Now that we have introduced sampling we have reduced our visibility into the true shape and size of our traffic.
We can recover some of that visibility by sending our spans to the spanmetrics
connector in a separate collector pipeline.
This connector will derive Rate, Error, and Duration (RED) metrics from the spans it processes.
The spanmetrics
connector provides a reasonable starting point as its default configuration, so we will simply add it to our collector configuration and feed it trace data from the otlp
receiver.
@@ -53,14 +54,20 @@
debug:
verbosity: detailed
+ connectors:
+ spanmetrics:
+
service:
pipelines:
traces:
receivers: [otlp]
processors: [tail_sampling]
exporters: [otlp/traces]
- metrics:
+ traces/spanmetrics:
receivers: [otlp]
+ exporters: [spanmetrics]
+ metrics:
+ receivers: [otlp,spanmetrics]
exporters: [otlphttp/metrics]
logs:
receivers: [otlp]
With this change to our collector configuration the spanmetrics
connector will consume spans from the otlp
receiver, generate metrics from those spans, and produce those metrics on our metrics
pipeline to the otlphttp/metrics
exporter to Prometheus.
Let's apply this change to our collector deployment:
kubectl apply -f https://raw.githubusercontent.com/pavolloffay/kubecon-eu-2024-opentelemetry-kubernetes-tracing-tutorial/main/backend/06-collector.yaml
Once this change is applied we can query Prometheus for the calls_total
metrics and observe the metrics generated from our trace data:
To tie together our new RED metrics with our trace data we can configure Jaeger to display service performance metrics from Prometheus. We can do this by adding environment variables that tell Jaeger where to find metrics and how to interpret them.
- name: METRICS_STORAGE_TYPE
value: "prometheus"
- name: PROMETHEUS_SERVER_URL
value: "http://prometheus.observability-backend"

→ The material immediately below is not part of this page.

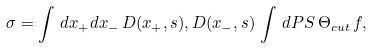<formula> <loc_0><loc_0><loc_500><loc_500>\sigma = \int \, d x _ { + } d x _ { - } \, D ( x _ { + } , s ) , D ( x _ { - } , s ) \, \int \, d P S \, \Theta _ { c u t } \, f ,</formula> 
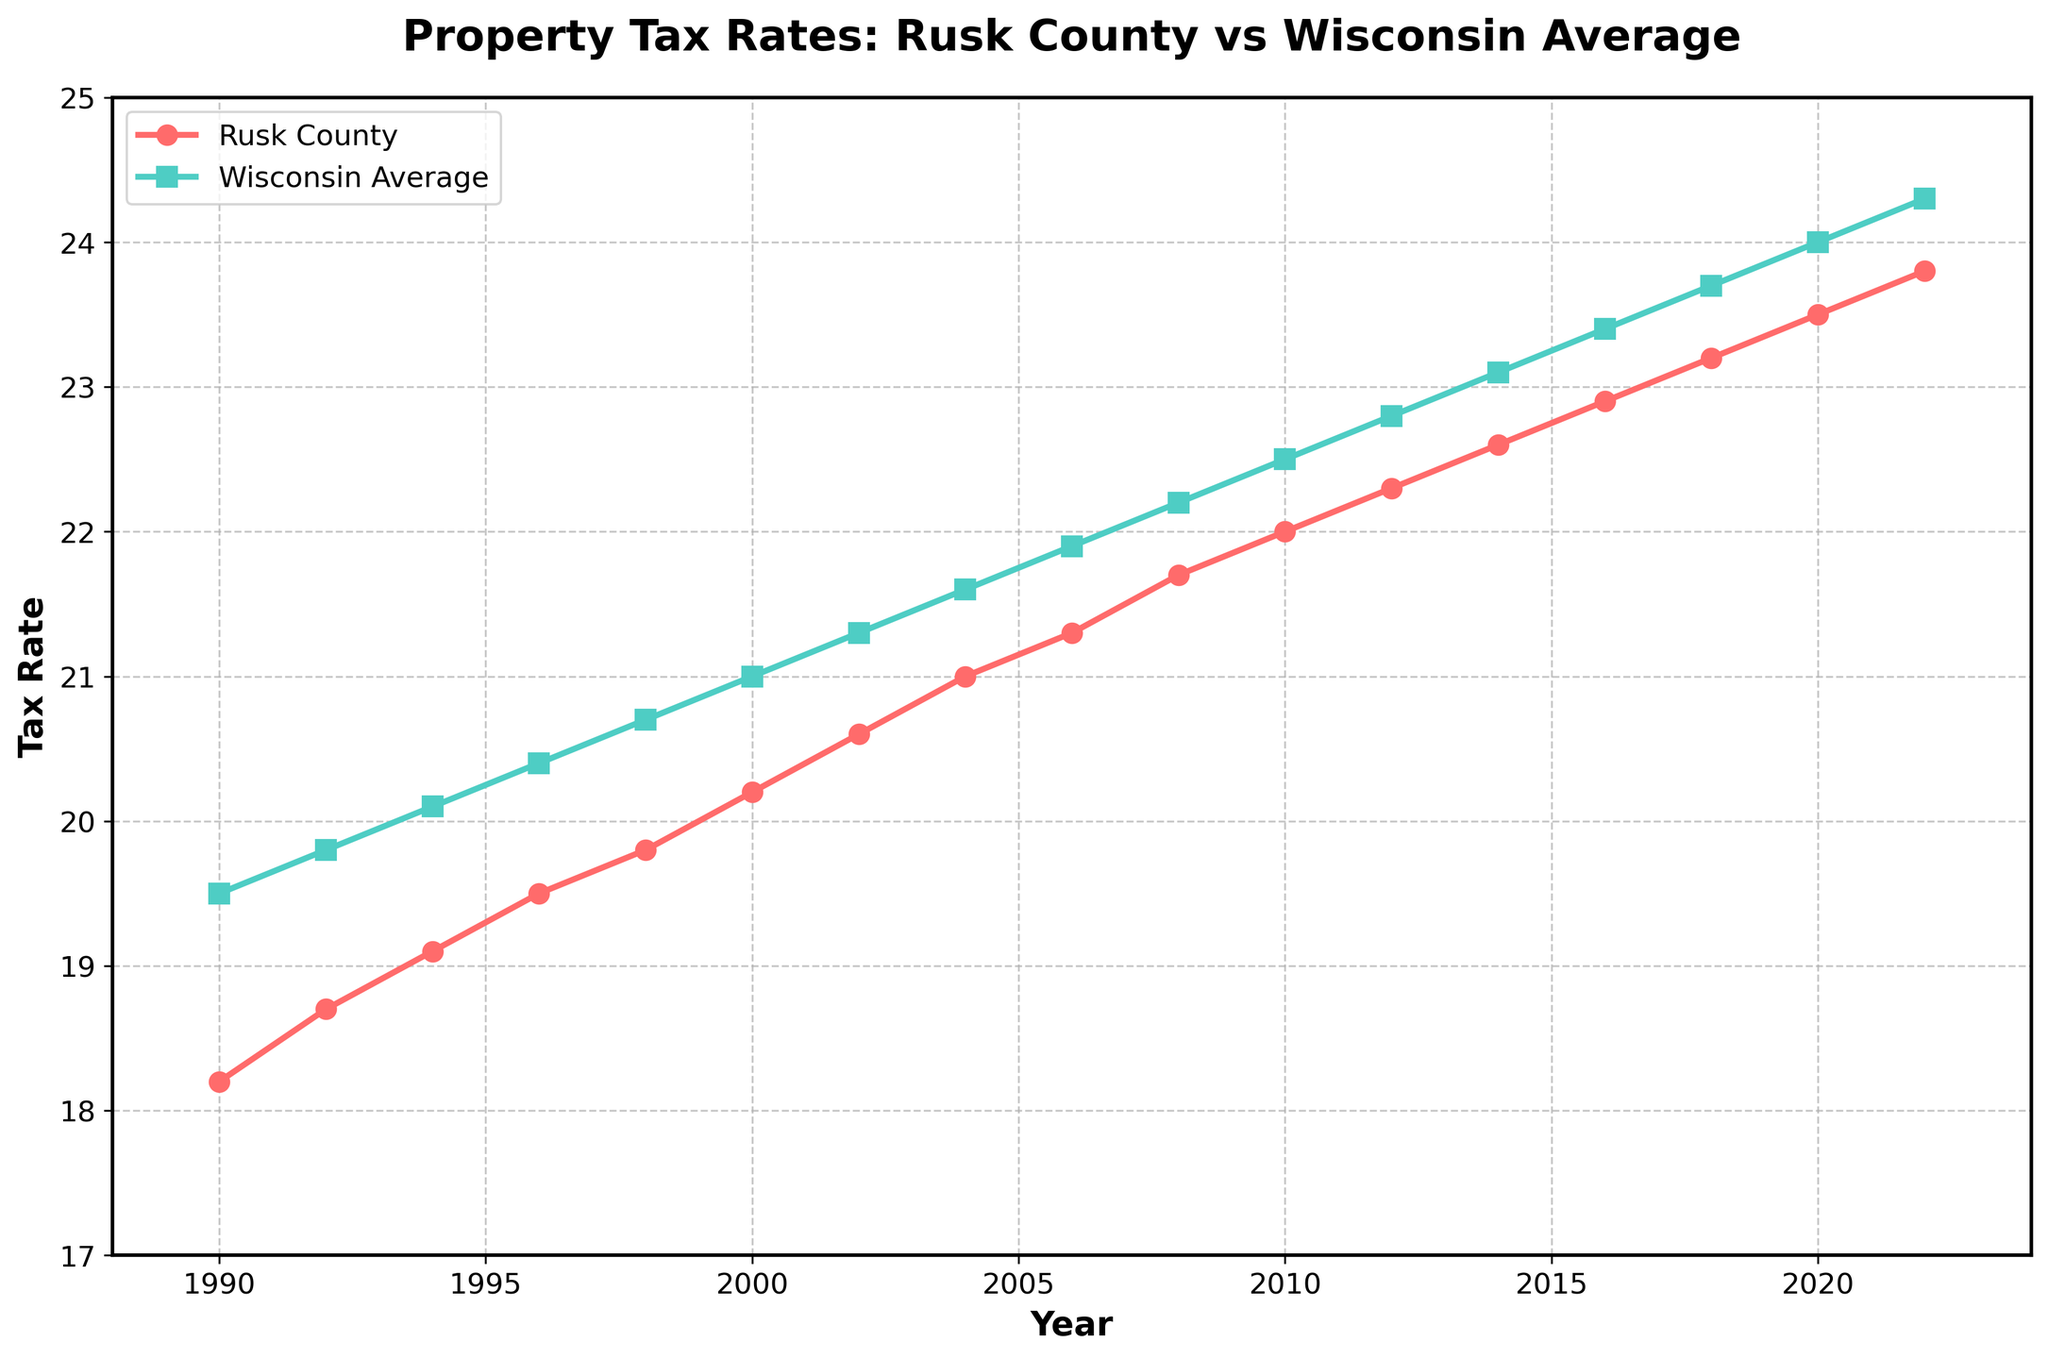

- name: PROMETHEUS_QUERY_SUPPORT_SPANMETRICS_CONNECTOR
value: "true"
- name: PROMETHEUS_QUERY_NORMALIZE_CALLS
value: "true"
- name: PROMETHEUS_QUERY_NORMALIZE_DURATION
value: "true"
These new variables tell Jaeger that we are producing metrics into Prometheus using the
spanmetrics
connector and that it should expect the calls
and duration
metric names
to be normalized for Prometheus as calls_total
and duration_milliseconds_*
. With this
information Jaeger is able to query Prometheus and present a dashboard for each service
showing the RED metrics for all of its traced operations.